In this thread, http://www.permies.com/t/12344/stoves/Rocket-Powered-Sterling-Engine-water Dale has proposed the coupling of a Stirling engine powered generator with the RMH to produce electricity (along with other mechanical needs such as water pumping and clothes washing) while using water thermal mass as the coolant for the Stirling engine. After much consideration it seems to me that in order to most effectively use water as the thermal battery for a RMH the water needs to be located at floor level. In other words, if I understand how a thermo siphon works, if one if going to use a passive means to heat the water thermal mass the thermo siphon is doable but only if the tank is located higher than the heat source. Am I understanding this correctly? This would not allow the water thermal mass to be located in a cob bench unless the RMH was sunk below floor level significantly. Dropping the RMH below floor level may have it’s usefulness as can be seen in this thread: http://www.permies.com/t/5937/stoves/rocket-mass-floor-heater-finally.

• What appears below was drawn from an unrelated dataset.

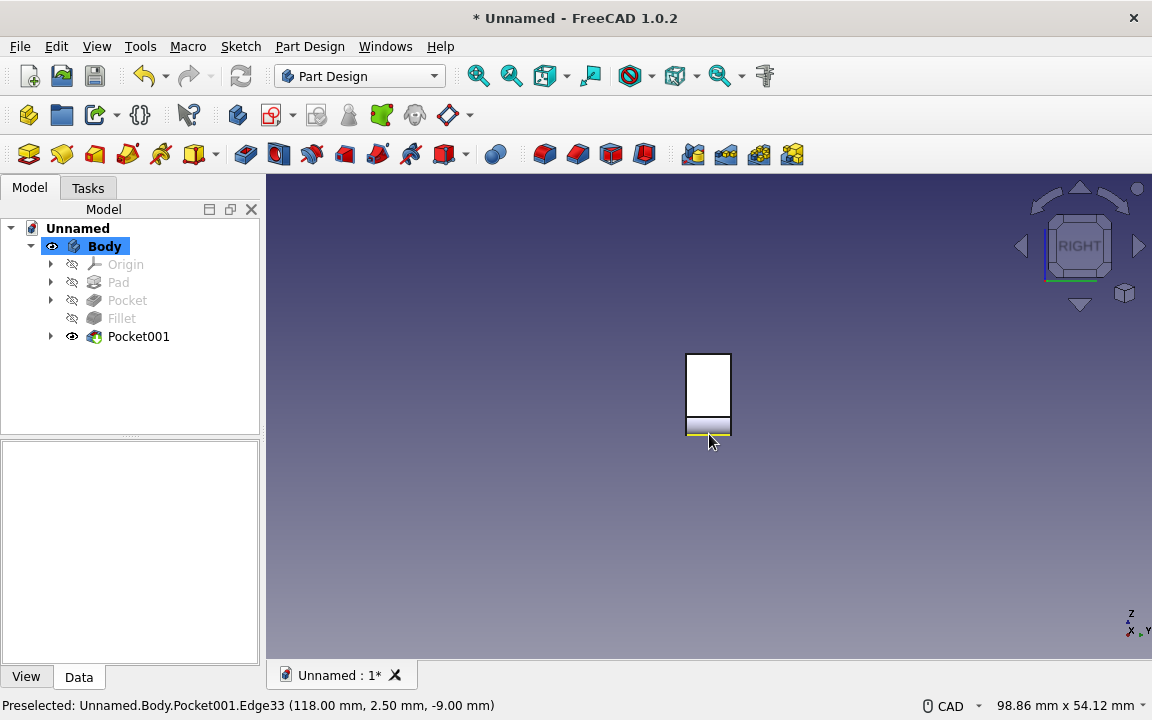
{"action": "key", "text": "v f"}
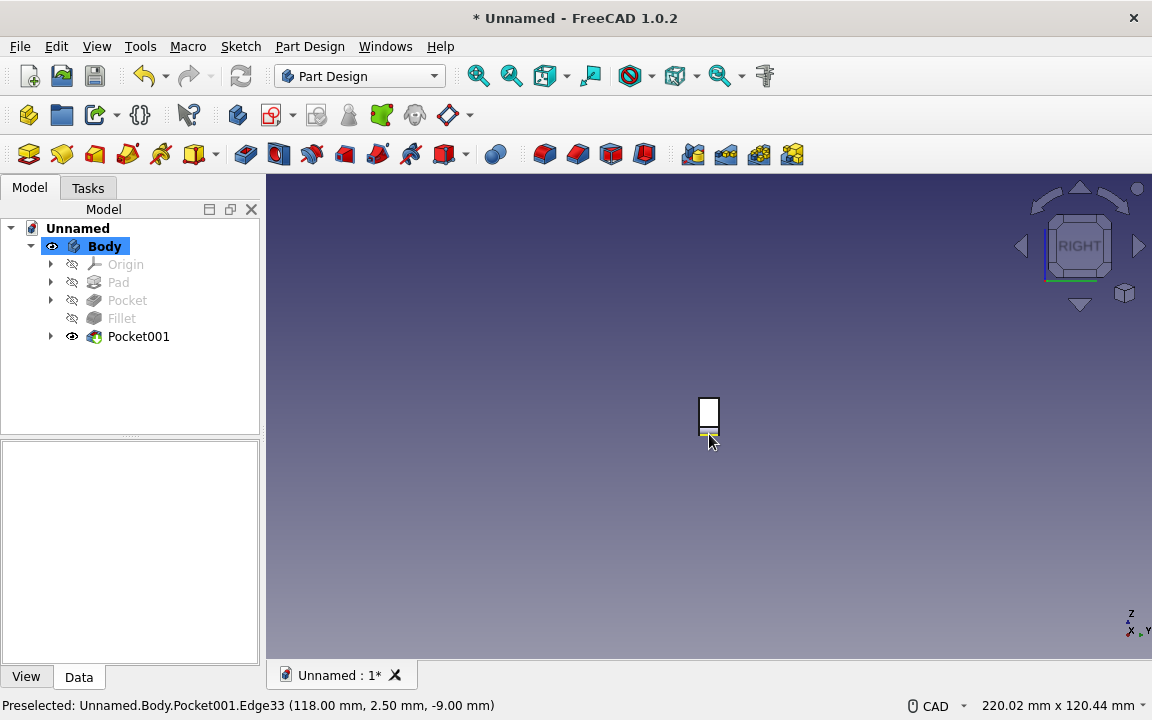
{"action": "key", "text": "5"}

But can one really heat below the floor and a water thermal mass located in a bench on the floor? I suppose it’s a function of how long the burn is.

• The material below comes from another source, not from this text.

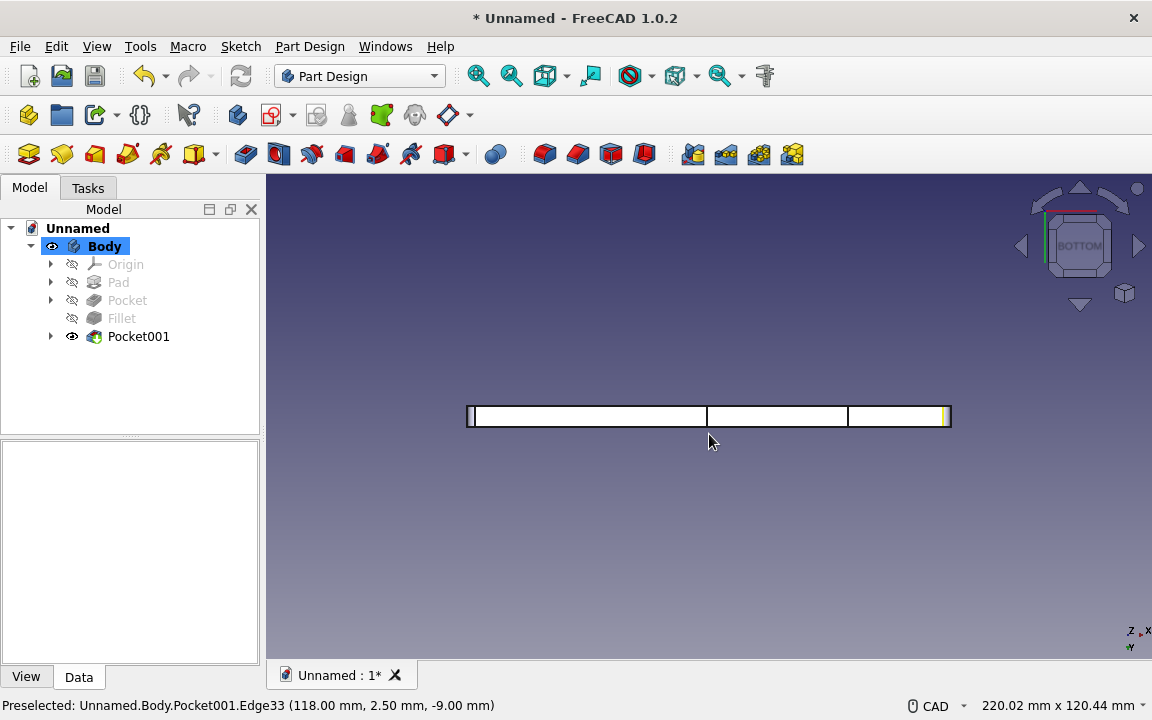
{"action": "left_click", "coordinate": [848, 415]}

It seems to me that in order to realistically use water as the primary thermal mass one needs the ability to move water around on an active basis utilizing steam, a steam powered engine/pump or a Stirling engine powered pump. In other words to really utilize water’s heat storing/transferring ability well the ability to circulate the water though various connected by piping water storage vessels and through the heat exchanger piping either next to or inside of the RMH barrel becomes necessary. I am continuing to research what is the quietest and most simple method to actively circulate the water without steam.

Questions:
1) Is anyone familiar with a passive design for circulating water which works with the water tank and heat exchanger being at the same level? For all I know there is a simple method of passively circulating the water and I’m not bright enough to see it.
2) What is a simple, quiet pump design which can utilize Stirling engine principles to actively circulate the water?
3) Is there another mechanical, quiet, simple design which can utilize the heat generated by the RMH to pump the water?

Thanks for your input.
6 years ago
As I've been considering the ramifications of utilizing water as the primary thermal mass for a rocket mass heater I have come to the same conclusion. There are situations where electricity or a mechanical force is needed and a stirling engine or steam engine coupled with a rocket mass heater could provide those. I was up way late the night before last researching both.

The rocket mass heater has a great ability to heat water but getting that water to move to precisely where you need it is a problem. A pump powered by a Stirling engine or steam engine would be very useful and waste heat becomes a non-issue as it is captured somewhere. I think this is a perfect example of using technology to empower the individual.